Access to this novel adoptive immunotherapy (even in an
Expanded Access program) would require more efficient
production methods - that the cells can be customized for
each patient in a reasonable period of time.
Is there a reason to be optimistic?
Yes, we think so, because in this case the clinical
results were dramatic in patients with very advanced
disease, and the regressions were causally linked to the
activity of the engineered t-cells by findings from samples
taken from the bone marrow.
Further, unlike chemical therapeutics, the programmed cells
have no
half-life limitation and the killing of malignant cells has very good (if not perfect)

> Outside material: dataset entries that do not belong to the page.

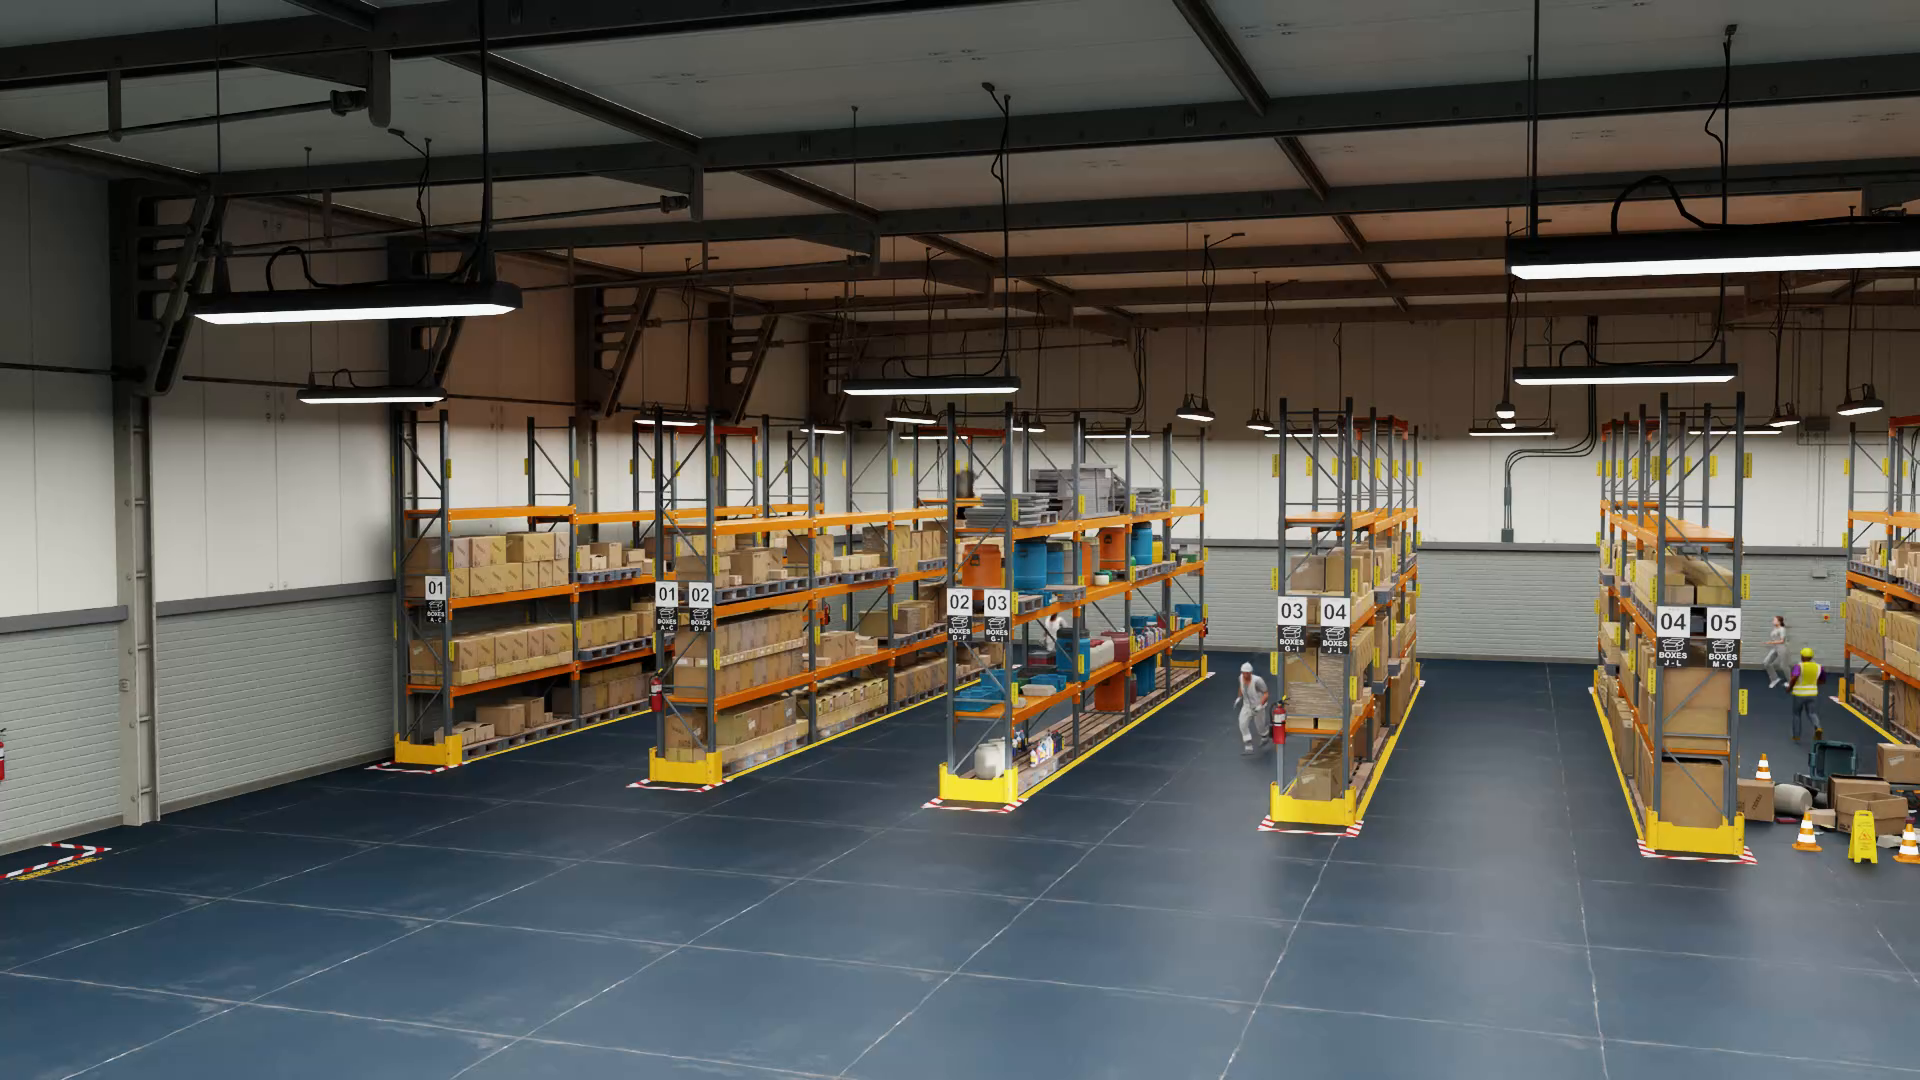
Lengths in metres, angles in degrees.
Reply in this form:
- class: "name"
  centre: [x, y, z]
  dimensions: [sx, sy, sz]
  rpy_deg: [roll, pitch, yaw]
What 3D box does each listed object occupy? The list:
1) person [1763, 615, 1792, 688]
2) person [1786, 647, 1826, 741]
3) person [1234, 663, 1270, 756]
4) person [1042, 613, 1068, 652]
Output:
- class: "person"
  centre: [18.717, 2.574, 37.935]
  dimensions: [0.796, 1.638, 0.478]
  rpy_deg: [0, 2, -3]
- class: "person"
  centre: [15.412, 2.822, 30.272]
  dimensions: [0.681, 1.748, 0.931]
  rpy_deg: [0, 2, 5]
- class: "person"
  centre: [5.180, 2.927, 29.138]
  dimensions: [0.686, 1.633, 1.112]
  rpy_deg: [2, 3, 38]
- class: "person"
  centre: [2.287, 2.447, 39.270]
  dimensions: [0.681, 1.787, 0.768]
  rpy_deg: [1, 3, 26]

specificity - targeting mainly mature b-cells, a type of
immune cell that one can live without (with IV
immunoglobulin support) and that could
regenerate once the programmed t-cells are disabled or
eliminated.
Finally, we can hope that resistance (to this novel,
living agent) might be futile - the cancer cells may
not be able to escape or survive them. But ...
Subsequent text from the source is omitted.